On the menu: Crudites, hors d'oeuvres and Winstrol.
That was Clemens' drug of choice that summer, when he asked McNamee, his strength-and-conditioning coach with the Toronto Blue Jays, to inject him in his SkyDome apartment, according to the report. Later in the summer, Clemens approached McNamee with a bottle of Anadrol-50, a powerful anabolic and androgenic steroid. McNamee told him not to use it, though it was obvious that Clemens had another source of his drugs. Clemens would win his second consecutive Cy Young Award that year.
In 2000, McNamee bought testosterone from Radomski and injected Clemens, then with the New York Yankees. In August 2001, the same. He won his sixth of seven Cy Youngs that season.
The nine pages devoted to Clemens are fascinating in their detail, and according a swift denial issued by his lawyer, completely false. Yet none of it is a surprise. Neither is the inference that Orza warned players of upcoming tests nor the email sent from Texas Rangers GM Jon Daniels to owner Tom Hicks warning not to trade for him because of "some steroids concerns with Tejada" nor Mitchell claiming "each of the 30 clubs has had players who have been involved with performance enhancing substances at some time in their careers."
If anything registers as a shock, it's the look on the faces of all the players who used – and use – performance-enhancing drugs and did not show up in Mitchell's report. There are hundreds, certainly, if Mitchell's quoted estimates – 25 percent of players or so – are correct. The list of names, aside from a few big ones, consisted of journeymen looking for that extra boost so they could get that major-league paycheck.
The Howie Clarks and Josias Manzanillos and F.P. Santangelos of the world must wear the big, red S while so many others skate because they happened to choose dealers who weren't stupid enough to get caught by the government.
So it goes. The steroid era isn't fair, not to the players with integrity nor to the game itself. The paradox remains: Baseball owes its current boom to the fervor caused by Mark McGwire and Sammy Sosa – neither of whom was named in the report, by the way – and yet with every new development, it wants to separate itself, to disown the time.
No, what now must happen is an apology. Stop the haggling over who did what when. End the solutions that purport to have shark's teeth and in reality have those of babies, the kind that when jiggled fall right out.

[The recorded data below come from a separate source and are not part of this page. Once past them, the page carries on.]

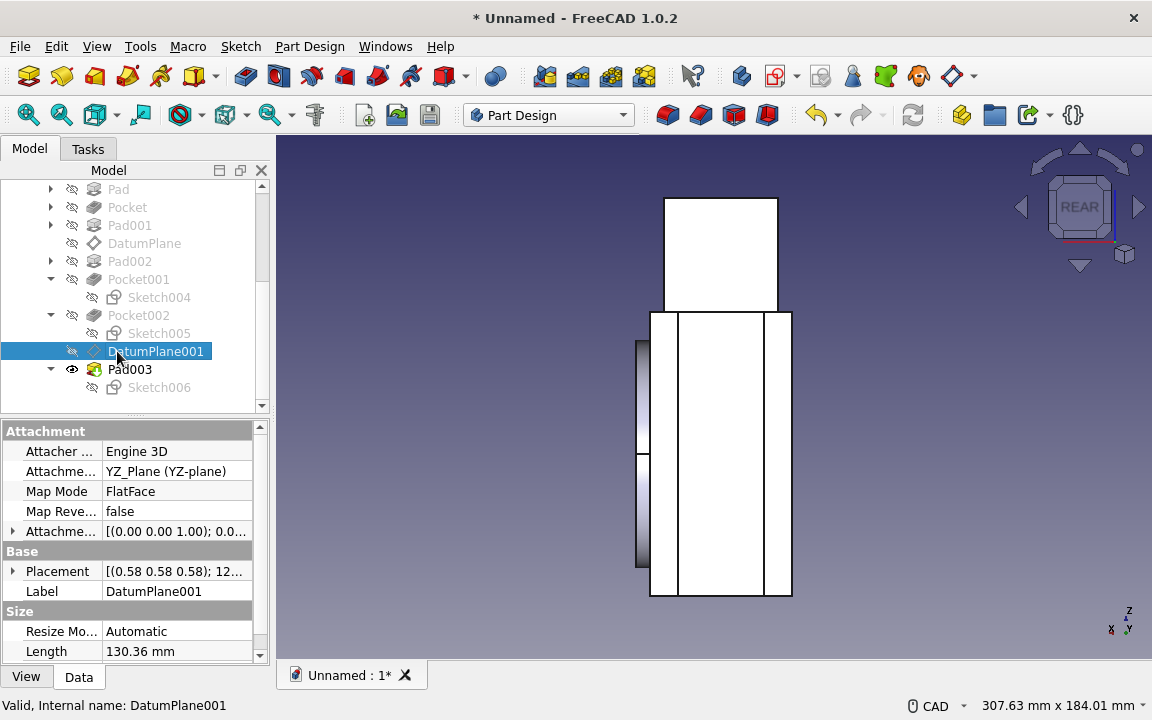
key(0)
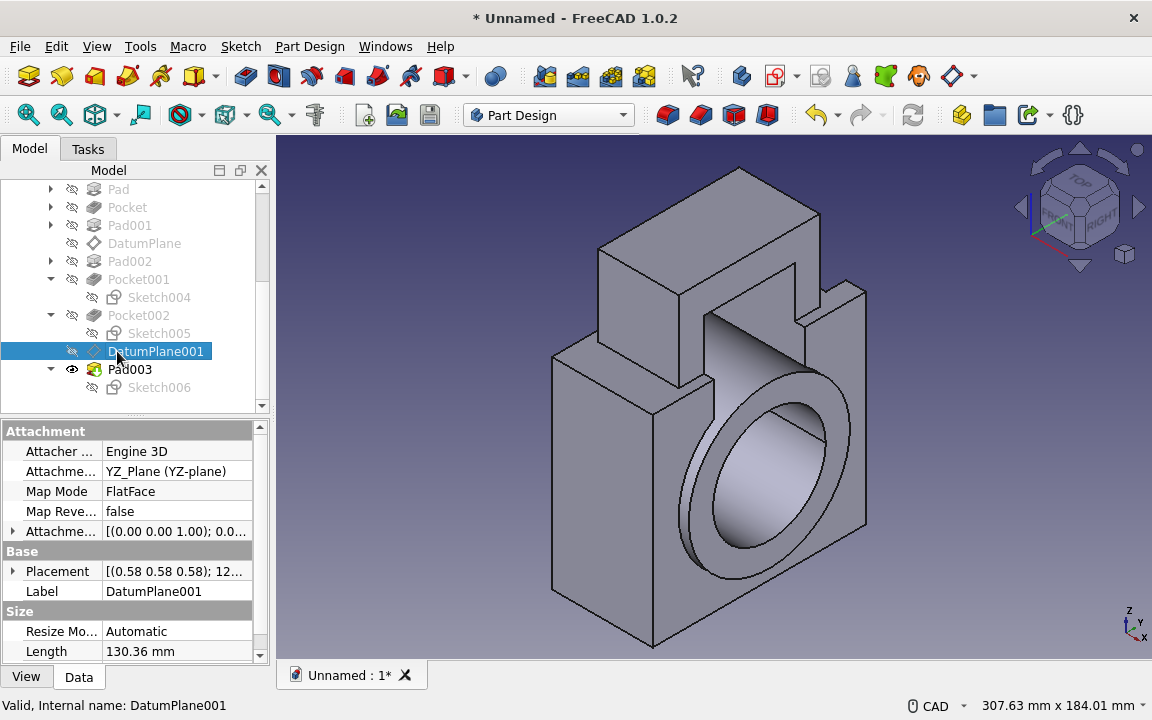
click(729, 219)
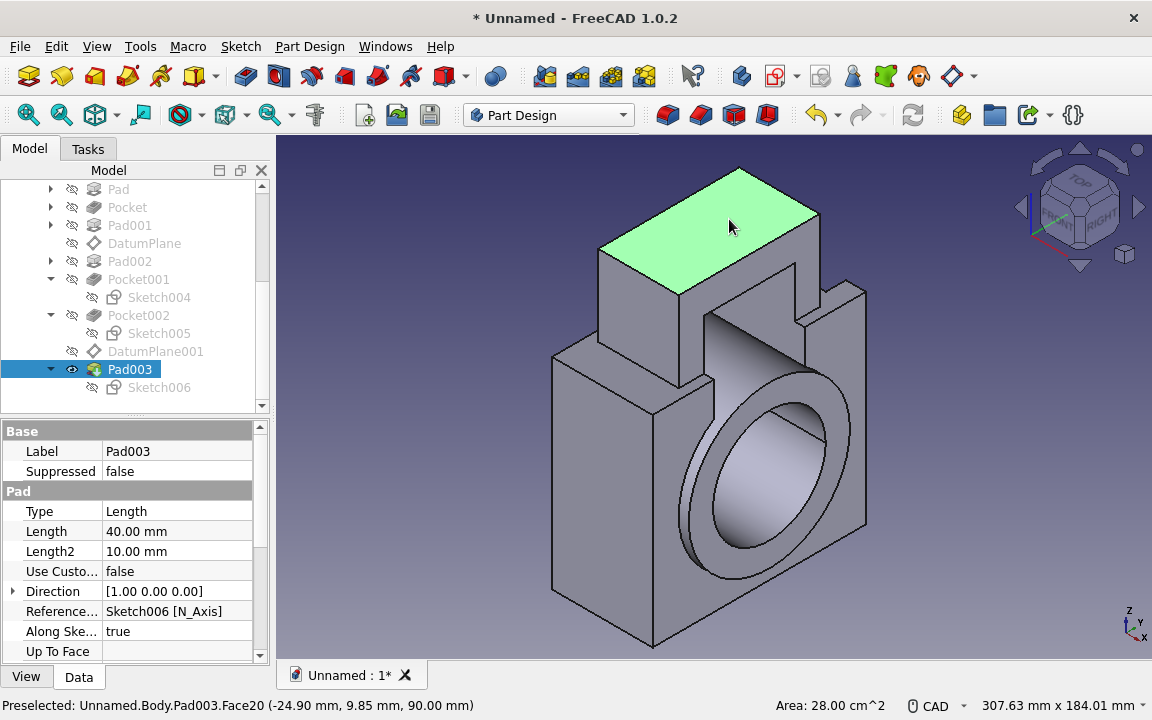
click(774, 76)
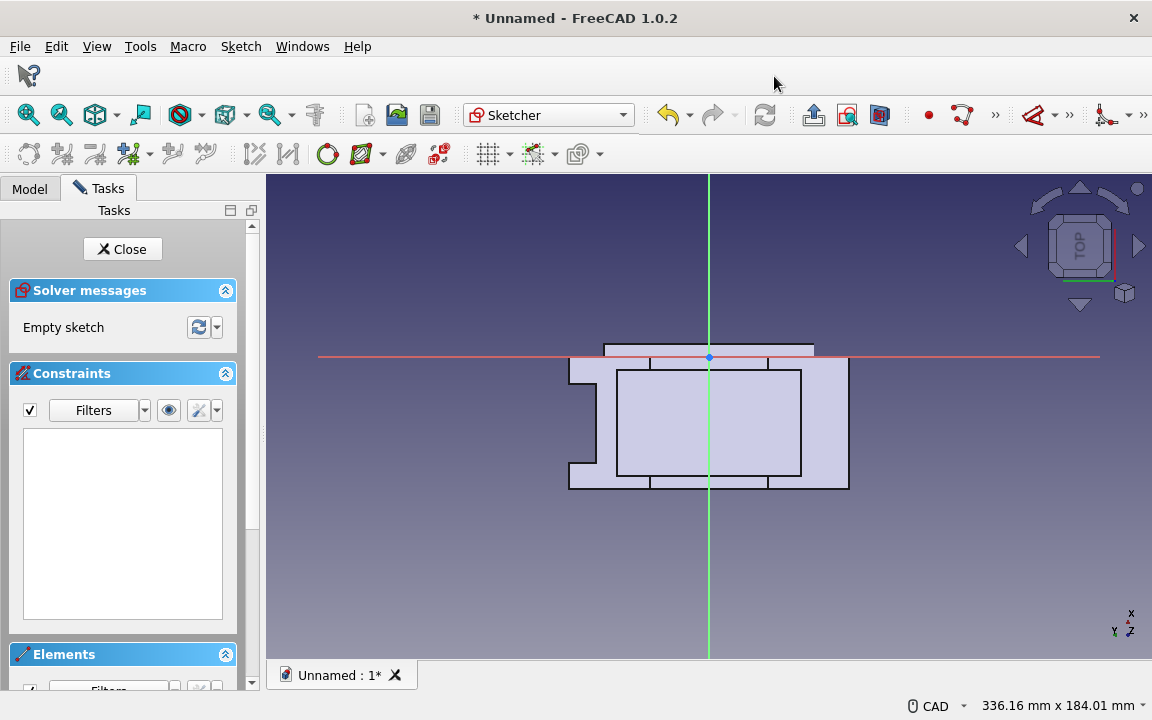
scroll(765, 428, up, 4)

Selig, Fehr, Clemens, Bonds and all the rest of the faces should step forward and apologize for their roles in this mess, for disrespecting a beautiful game with their words and actions. Be assured, they won't. Even if they did, it would be difficult to move on, because as the years pass, more names will leak out. If the best hitter and pitcher of a generation were guilty, others of similar consequence were too.
Baseball, nonetheless, will survive. It's like a Twinkie. Nuclear winter has erupted, and on it goes, $6 billion in revenue, huge attendance, incredible interest. At MLB's holiday party tonight, the sport will celebrate itself on the day so many of its warts were exposed for the world to see. Again.